Exercise material below:

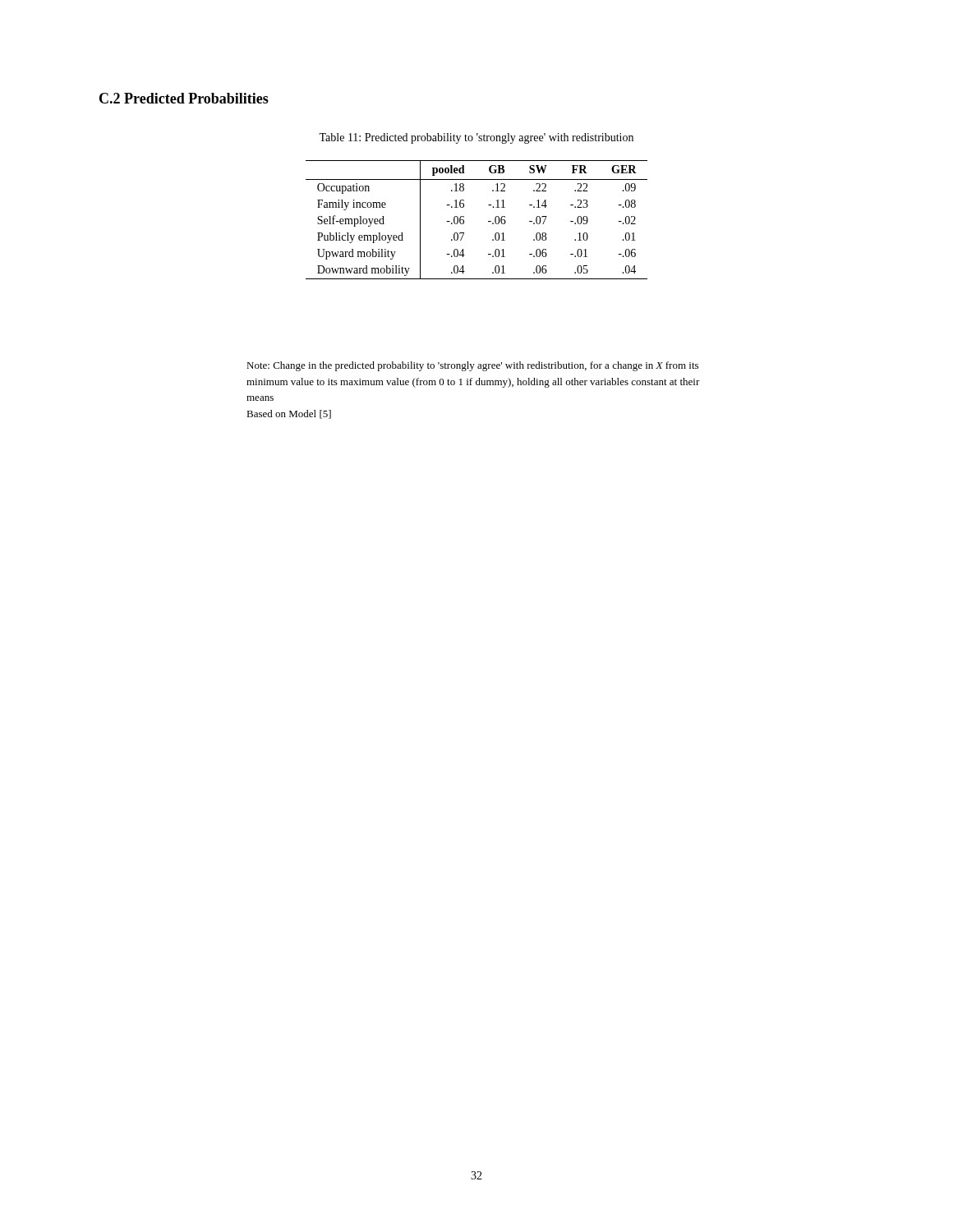Locate a footnote
This screenshot has height=1232, width=953.
point(473,389)
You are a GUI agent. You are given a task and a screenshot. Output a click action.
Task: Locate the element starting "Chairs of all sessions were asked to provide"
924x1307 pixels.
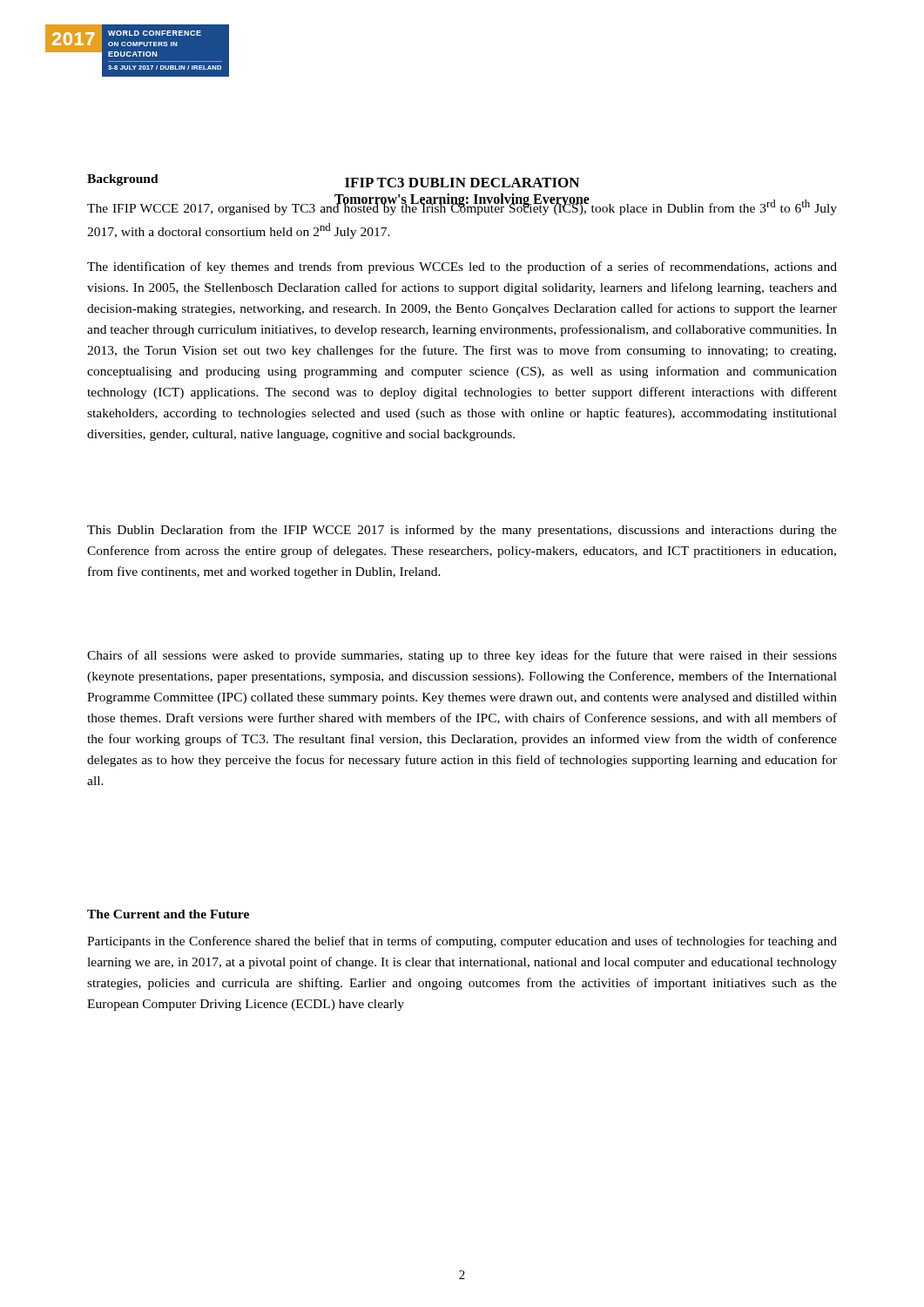click(462, 718)
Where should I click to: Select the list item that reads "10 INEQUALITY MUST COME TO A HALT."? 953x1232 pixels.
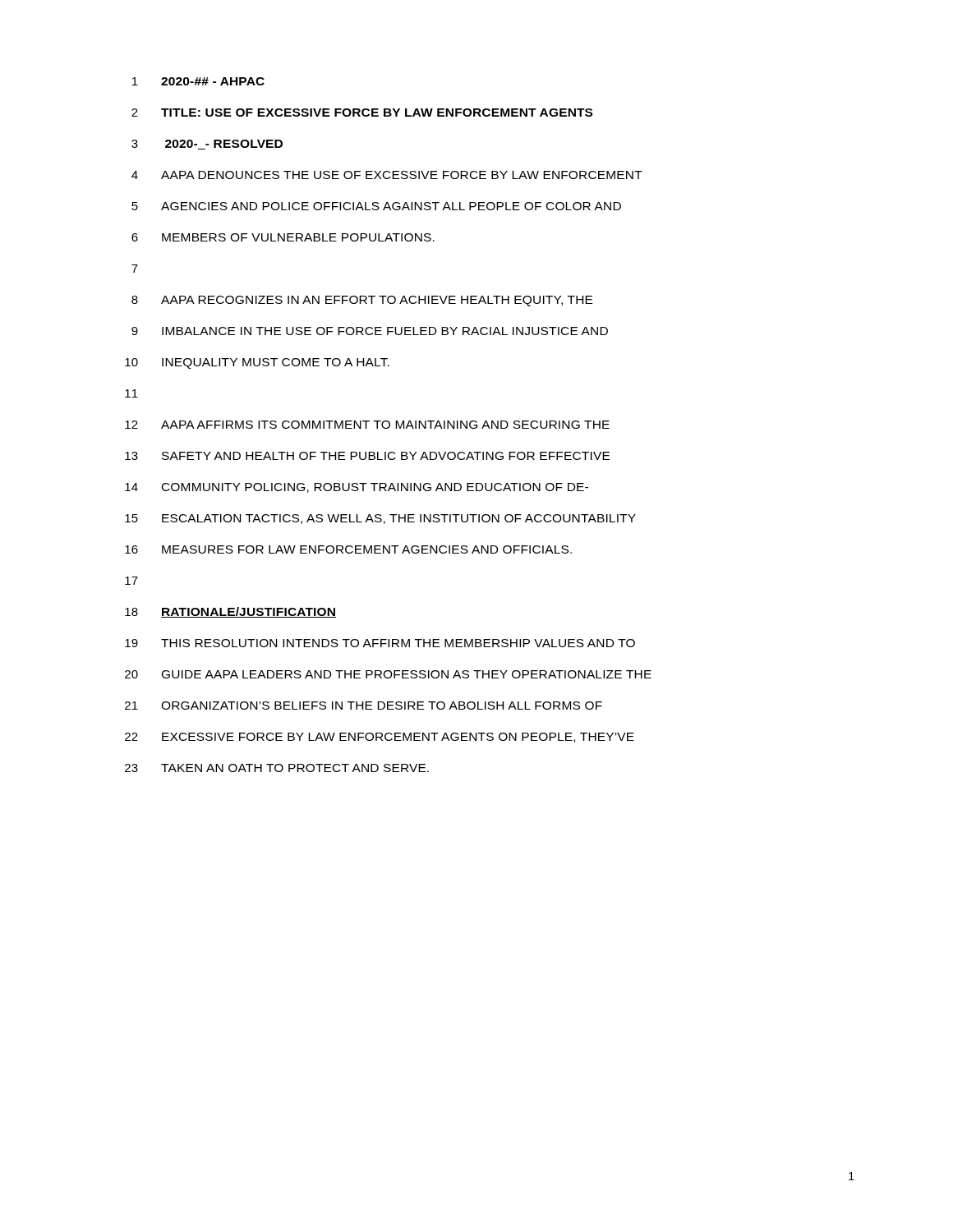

End of Exercise material.

What the task requires ▸ Nothing but the lines from the one containing "You are a GUI" through the last line of the records above should appear, each repeated exactly, with no pictures.

Output of the exercise ▸
You are a GUI agent. You are given a task and a screenshot. Output a click action.
Task: Locate the element starting "Chairs of all sessions were asked to provide"
924x1307 pixels.
click(462, 718)
Where should I click to: Select the list item that reads "10 INEQUALITY MUST COME TO A HALT."? 953x1232 pixels.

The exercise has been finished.